What this task involves →
Copy the data exactly as it appears, and do not include any pictures.

Material for this task →
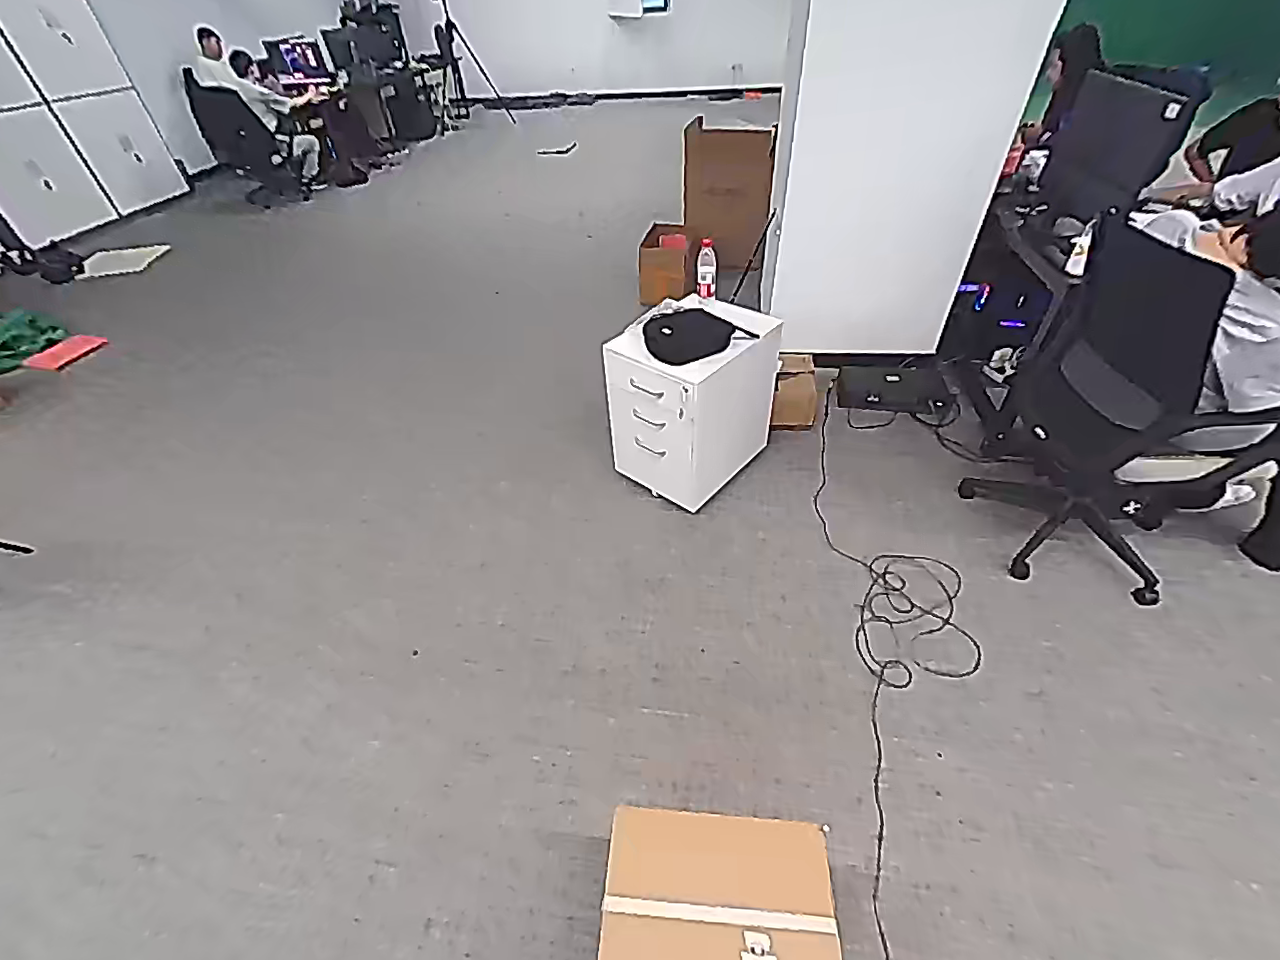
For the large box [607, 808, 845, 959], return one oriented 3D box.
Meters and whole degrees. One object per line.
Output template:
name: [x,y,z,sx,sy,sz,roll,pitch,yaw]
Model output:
large box: [0.152,0.872,1.047,0.408,0.320,0.320,2,43,5]
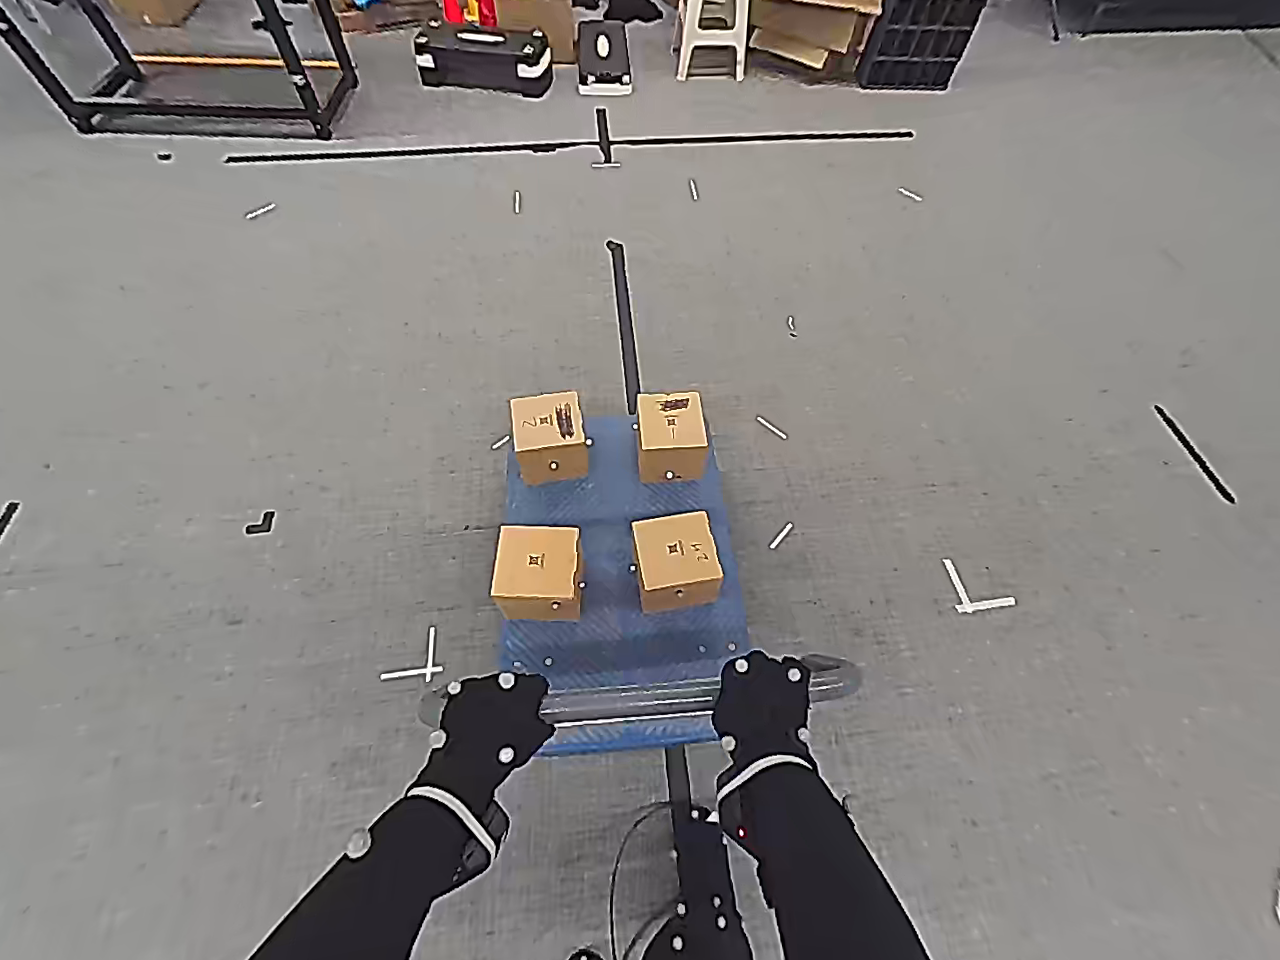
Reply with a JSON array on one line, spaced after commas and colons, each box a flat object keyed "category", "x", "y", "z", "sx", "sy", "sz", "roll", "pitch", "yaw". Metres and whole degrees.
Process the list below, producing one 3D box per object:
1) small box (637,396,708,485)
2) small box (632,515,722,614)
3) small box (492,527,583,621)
[{"category": "small box", "x": 0.081, "y": -0.103, "z": 1.447, "sx": 0.168, "sy": 0.176, "sz": 0.179, "roll": -3, "pitch": 60, "yaw": -3}, {"category": "small box", "x": 0.079, "y": 0.202, "z": 1.265, "sx": 0.179, "sy": 0.176, "sz": 0.168, "roll": -8, "pitch": 60, "yaw": -6}, {"category": "small box", "x": -0.227, "y": 0.221, "z": 1.245, "sx": 0.179, "sy": 0.176, "sz": 0.168, "roll": 2, "pitch": 59, "yaw": -2}]
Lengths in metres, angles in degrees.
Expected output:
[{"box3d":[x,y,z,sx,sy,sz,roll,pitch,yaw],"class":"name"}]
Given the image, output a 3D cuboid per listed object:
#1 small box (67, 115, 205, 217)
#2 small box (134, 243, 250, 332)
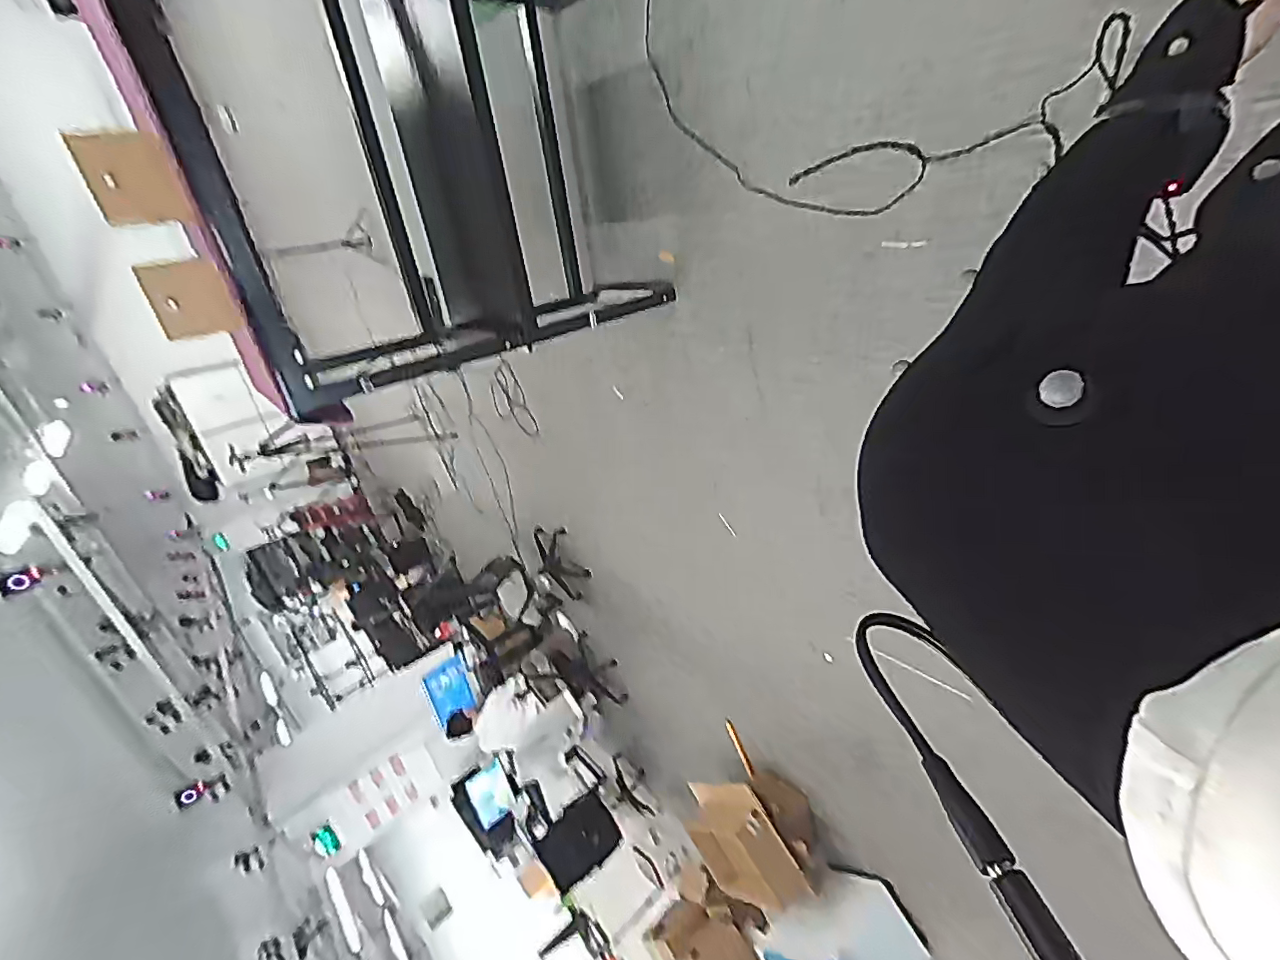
[{"box3d":[-1.123,-0.703,1.217,0.168,0.176,0.179,22,130,47],"class":"small box"},{"box3d":[-1.095,-0.477,1.330,0.168,0.176,0.179,24,130,44],"class":"small box"}]
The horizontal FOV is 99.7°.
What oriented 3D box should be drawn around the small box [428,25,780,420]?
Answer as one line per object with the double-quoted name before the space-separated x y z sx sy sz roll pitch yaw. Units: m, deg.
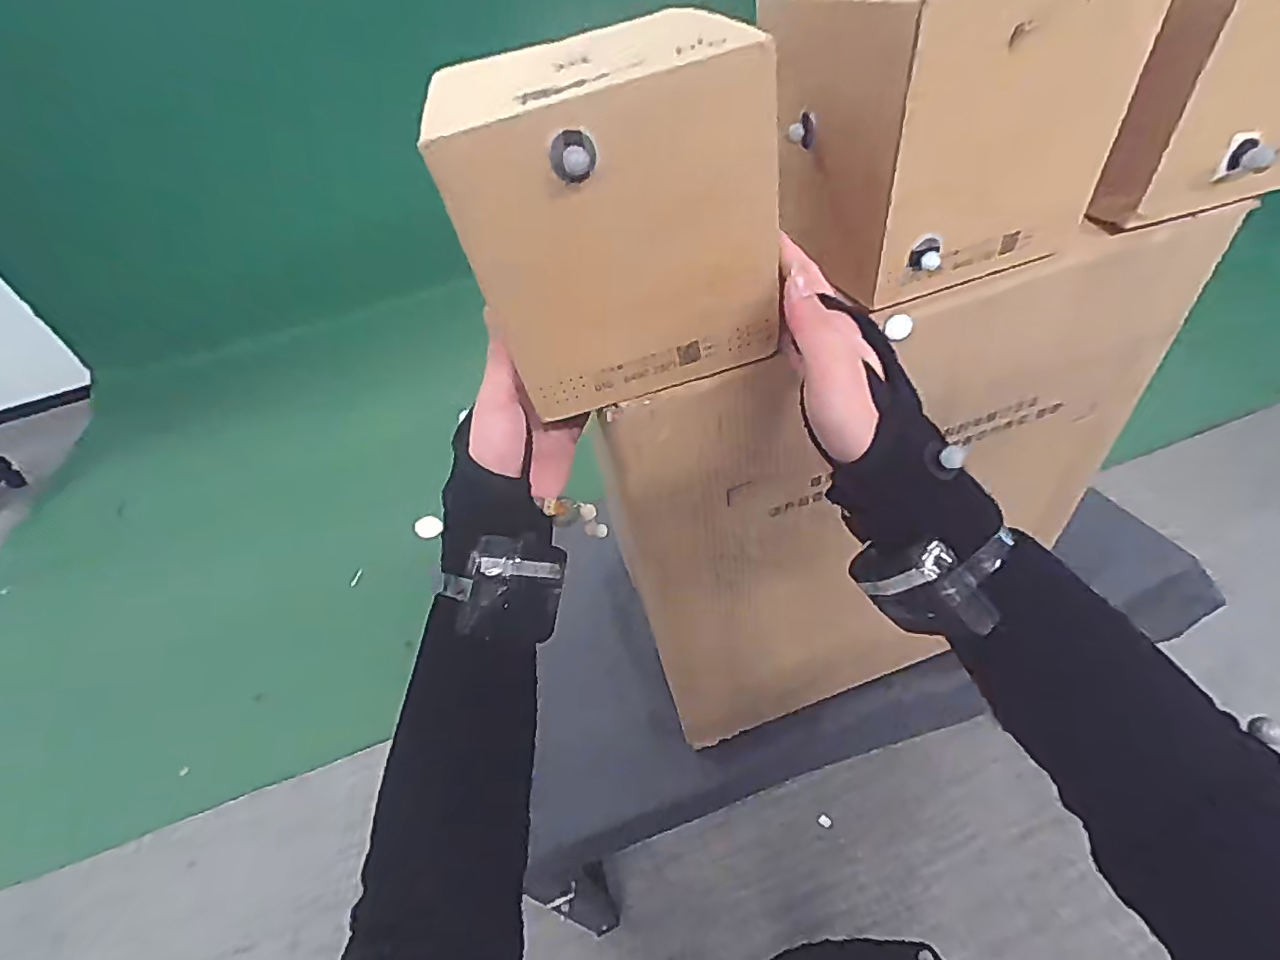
"small box" -0.016 -0.169 0.359 0.168 0.176 0.179 -17 44 1

Expected answer →
For the large box [607, 808, 845, 959], return one oriented 3D box.
Meters and whole degrees. One object per line.
Output template:
name: [x,y,z,sx,sy,sz,roll,pitch,yaw]
Model output:
large box: [0.152,0.872,1.047,0.408,0.320,0.320,2,43,5]
Reply with a JSON array on one line, spaced after commas and colons, each box a flat object keyed "category", "x", "y", "z", "sx", "sy", "sz", "roll", "pitch", "yaw". Metres and whole degrees.
Process the list below, producing one 3D box per object:
1) small box (637,396,708,485)
2) small box (632,515,722,614)
3) small box (492,527,583,621)
[{"category": "small box", "x": 0.081, "y": -0.103, "z": 1.447, "sx": 0.168, "sy": 0.176, "sz": 0.179, "roll": -3, "pitch": 60, "yaw": -3}, {"category": "small box", "x": 0.079, "y": 0.202, "z": 1.265, "sx": 0.179, "sy": 0.176, "sz": 0.168, "roll": -8, "pitch": 60, "yaw": -6}, {"category": "small box", "x": -0.227, "y": 0.221, "z": 1.245, "sx": 0.179, "sy": 0.176, "sz": 0.168, "roll": 2, "pitch": 59, "yaw": -2}]
Lengths in metres, angles in degrees.
Expected output:
[{"box3d":[x,y,z,sx,sy,sz,roll,pitch,yaw],"class":"name"}]
Given the image, output a 3D cuboid per listed object:
#1 small box (67, 115, 205, 217)
#2 small box (134, 243, 250, 332)
[{"box3d":[-1.123,-0.703,1.217,0.168,0.176,0.179,22,130,47],"class":"small box"},{"box3d":[-1.095,-0.477,1.330,0.168,0.176,0.179,24,130,44],"class":"small box"}]
The horizontal FOV is 99.7°.
What oriented 3D box should be drawn around the small box [428,25,780,420]?
Answer as one line per object with the double-quoted name before the space-separated x y z sx sy sz roll pitch yaw. Units: m, deg.
"small box" -0.016 -0.169 0.359 0.168 0.176 0.179 -17 44 1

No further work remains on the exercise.